§ **Records from a collection**:
»»
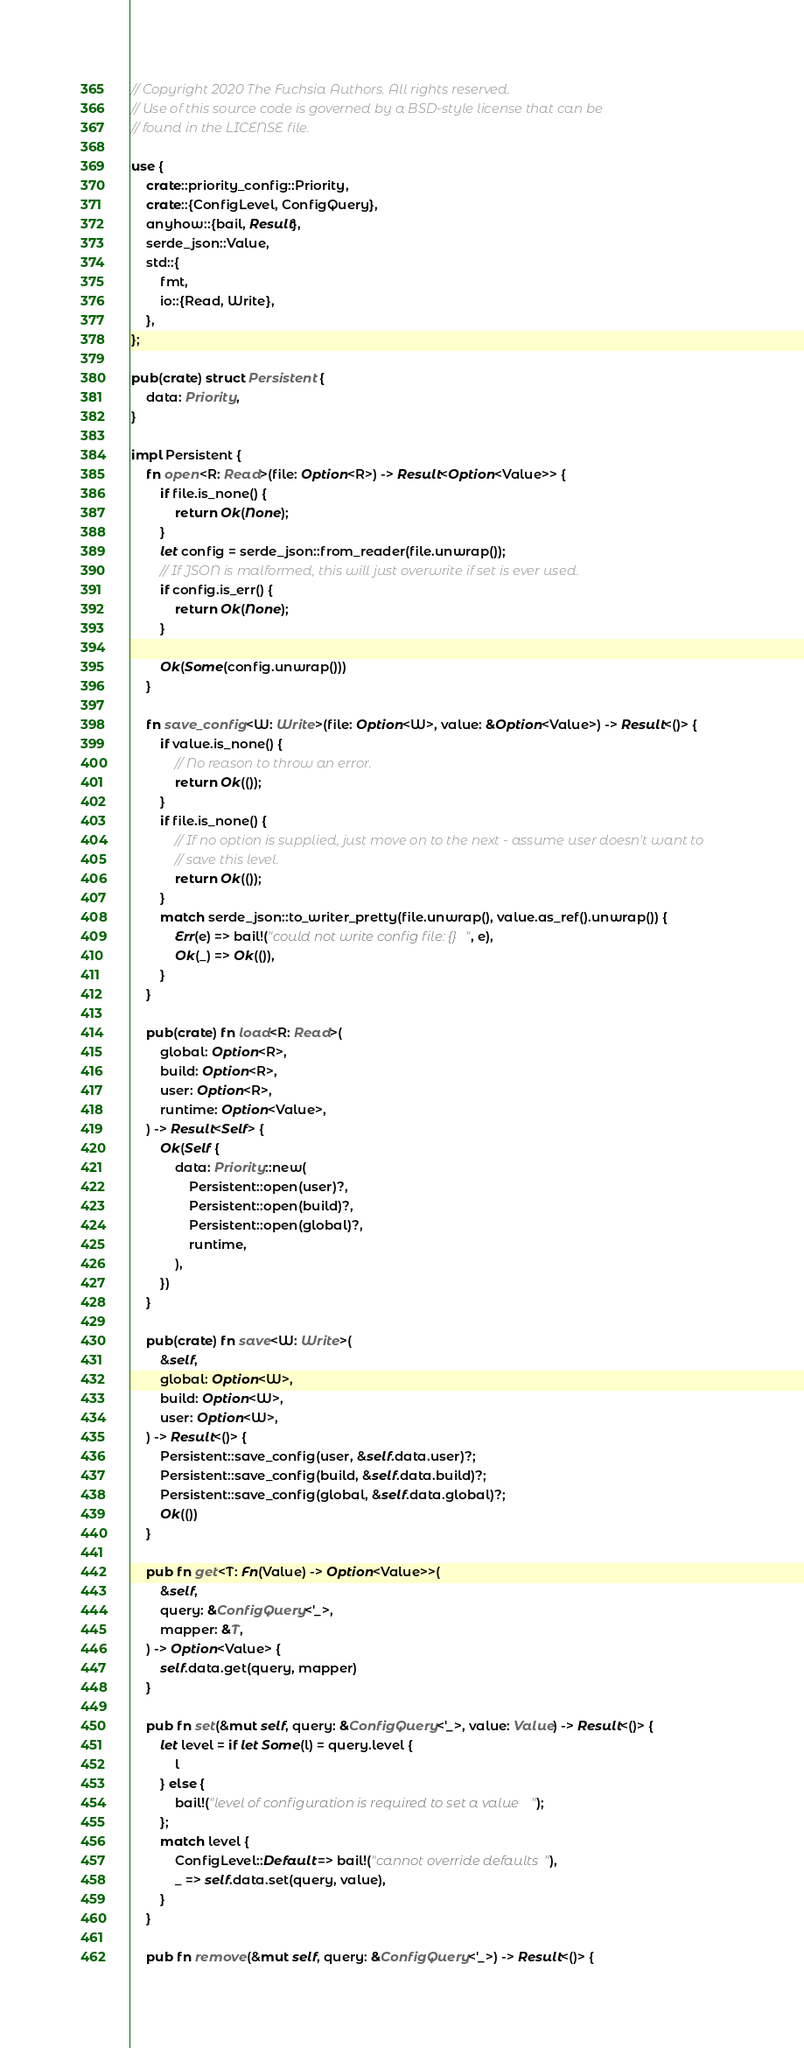Convert code to text. <code><loc_0><loc_0><loc_500><loc_500><_Rust_>// Copyright 2020 The Fuchsia Authors. All rights reserved.
// Use of this source code is governed by a BSD-style license that can be
// found in the LICENSE file.

use {
    crate::priority_config::Priority,
    crate::{ConfigLevel, ConfigQuery},
    anyhow::{bail, Result},
    serde_json::Value,
    std::{
        fmt,
        io::{Read, Write},
    },
};

pub(crate) struct Persistent {
    data: Priority,
}

impl Persistent {
    fn open<R: Read>(file: Option<R>) -> Result<Option<Value>> {
        if file.is_none() {
            return Ok(None);
        }
        let config = serde_json::from_reader(file.unwrap());
        // If JSON is malformed, this will just overwrite if set is ever used.
        if config.is_err() {
            return Ok(None);
        }

        Ok(Some(config.unwrap()))
    }

    fn save_config<W: Write>(file: Option<W>, value: &Option<Value>) -> Result<()> {
        if value.is_none() {
            // No reason to throw an error.
            return Ok(());
        }
        if file.is_none() {
            // If no option is supplied, just move on to the next - assume user doesn't want to
            // save this level.
            return Ok(());
        }
        match serde_json::to_writer_pretty(file.unwrap(), value.as_ref().unwrap()) {
            Err(e) => bail!("could not write config file: {}", e),
            Ok(_) => Ok(()),
        }
    }

    pub(crate) fn load<R: Read>(
        global: Option<R>,
        build: Option<R>,
        user: Option<R>,
        runtime: Option<Value>,
    ) -> Result<Self> {
        Ok(Self {
            data: Priority::new(
                Persistent::open(user)?,
                Persistent::open(build)?,
                Persistent::open(global)?,
                runtime,
            ),
        })
    }

    pub(crate) fn save<W: Write>(
        &self,
        global: Option<W>,
        build: Option<W>,
        user: Option<W>,
    ) -> Result<()> {
        Persistent::save_config(user, &self.data.user)?;
        Persistent::save_config(build, &self.data.build)?;
        Persistent::save_config(global, &self.data.global)?;
        Ok(())
    }

    pub fn get<T: Fn(Value) -> Option<Value>>(
        &self,
        query: &ConfigQuery<'_>,
        mapper: &T,
    ) -> Option<Value> {
        self.data.get(query, mapper)
    }

    pub fn set(&mut self, query: &ConfigQuery<'_>, value: Value) -> Result<()> {
        let level = if let Some(l) = query.level {
            l
        } else {
            bail!("level of configuration is required to set a value");
        };
        match level {
            ConfigLevel::Default => bail!("cannot override defaults"),
            _ => self.data.set(query, value),
        }
    }

    pub fn remove(&mut self, query: &ConfigQuery<'_>) -> Result<()> {</code> 
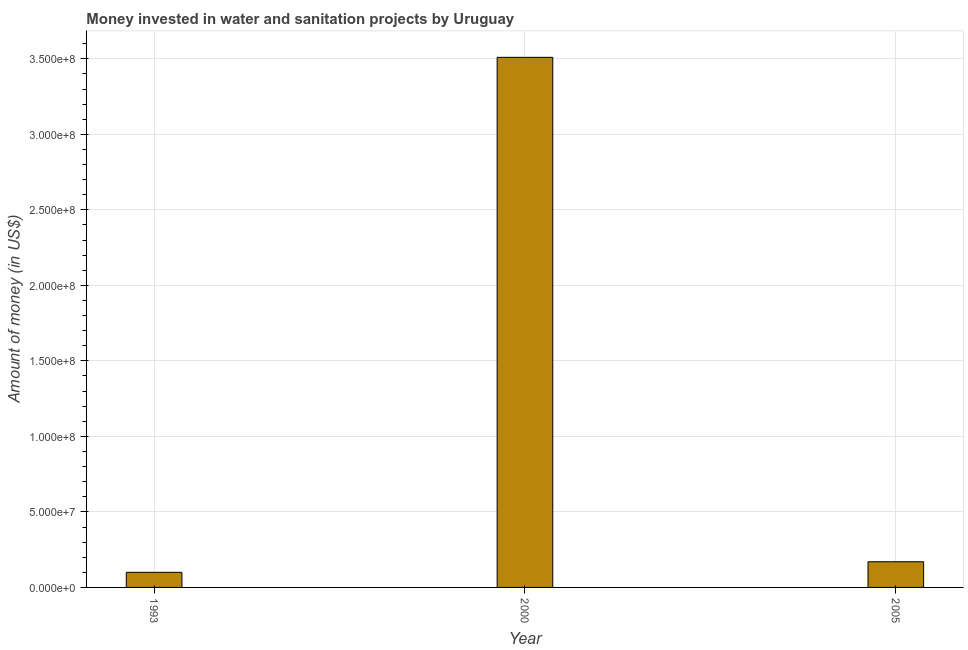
««
§ **What you are asked to do**: I need the lines from the one holding "self.data.get(query, mapper)" through the last line of the entries set down exactly, with every picture left out.

§ **Solved problem**:
        self.data.get(query, mapper)
    }

    pub fn set(&mut self, query: &ConfigQuery<'_>, value: Value) -> Result<()> {
        let level = if let Some(l) = query.level {
            l
        } else {
            bail!("level of configuration is required to set a value");
        };
        match level {
            ConfigLevel::Default => bail!("cannot override defaults"),
            _ => self.data.set(query, value),
        }
    }

    pub fn remove(&mut self, query: &ConfigQuery<'_>) -> Result<()> {</code> 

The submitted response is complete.